# Wire stripping machines



## B4T (Feb 10, 2009)

This is my wire stripping machine.. works great and easy to store when not in use.. :thumbup:


----------



## HARRY304E (Sep 15, 2010)

B4T said:


> This is my wire stripping machine.. works great and easy to store when not in use.. :thumbup:


:laughing::thumbup::laughing:


----------



## zwodubber (Feb 24, 2011)

Don't get quite as much, but it's way easier than stripping...


----------



## Chris1971 (Dec 27, 2010)

zwodubber said:


> Don't get quite as much, but it's way easier than stripping...


The recycling places in Minnesota won't take burnt copper.


----------



## Chris1971 (Dec 27, 2010)

I see the motorized wire strippers advertised. Wondering if anyone has one?


----------



## SparkYZ (Jan 20, 2010)

My dad has one. Can't remember what brand. Paid a couple grand for it a couple years ago. Already paid for itself many times over. Ill find out what it is. You feed the wire in, it slices jthe insulation then you peel it off. Pretty easy.


----------



## nolabama (Oct 3, 2007)

Chris1971 said:


> The recycling places in Minnesota won't take burnt copper.

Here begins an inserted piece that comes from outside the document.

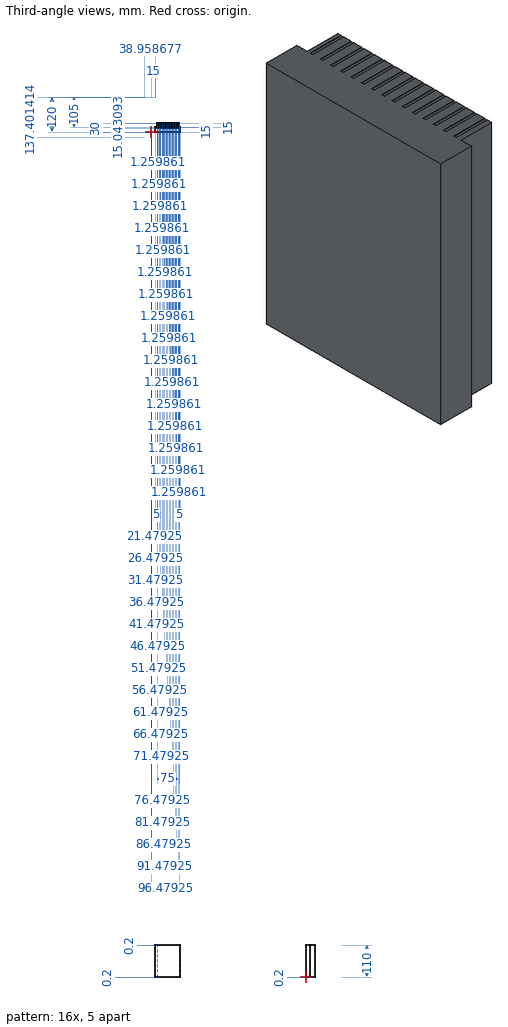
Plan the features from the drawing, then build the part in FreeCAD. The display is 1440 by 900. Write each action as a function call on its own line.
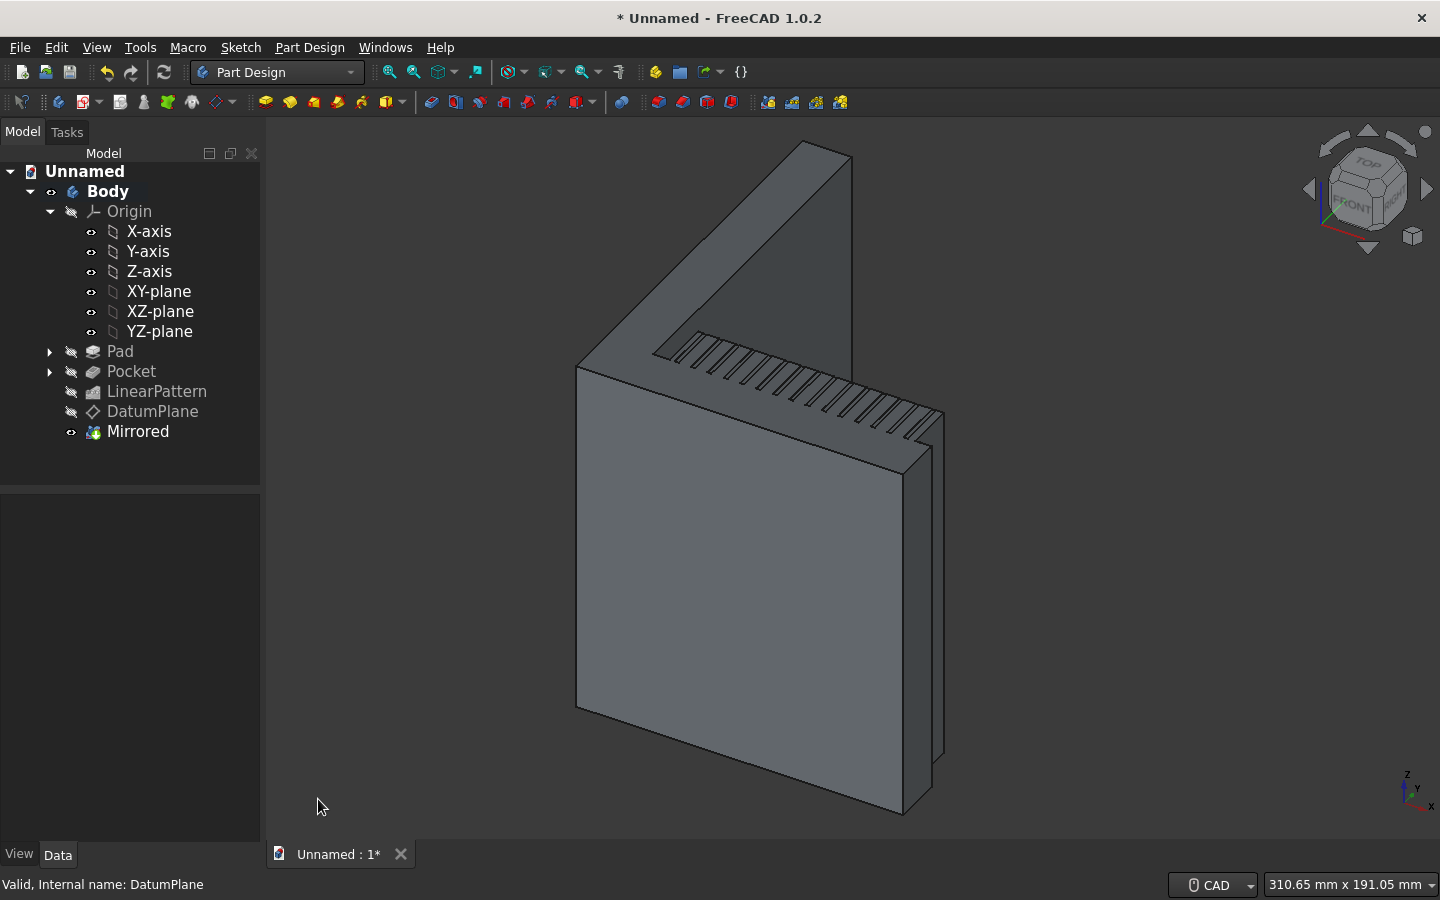
click(84, 102)
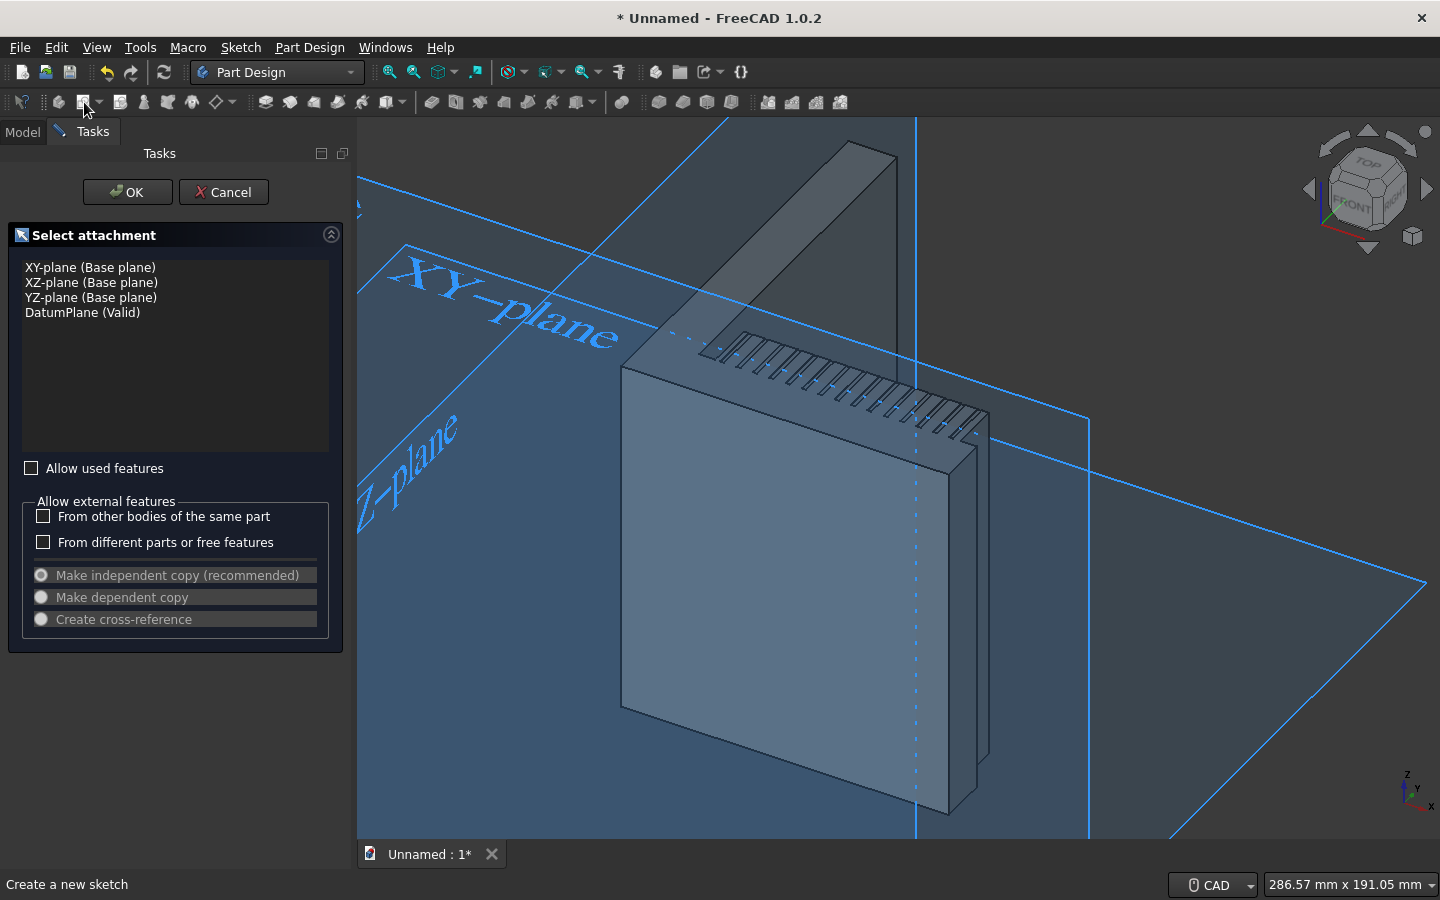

help me out guys - is it vinegar that you can pour on the burned copper and make it all shiny and new looking?


----------



## erics37 (May 7, 2009)

Crap sorry, screwed up the margins.


----------



## MDShunk (Jan 7, 2007)

nolabama said:


> help me out guys - is it vinegar that you can pour on the burned copper and make it all shiny and new looking?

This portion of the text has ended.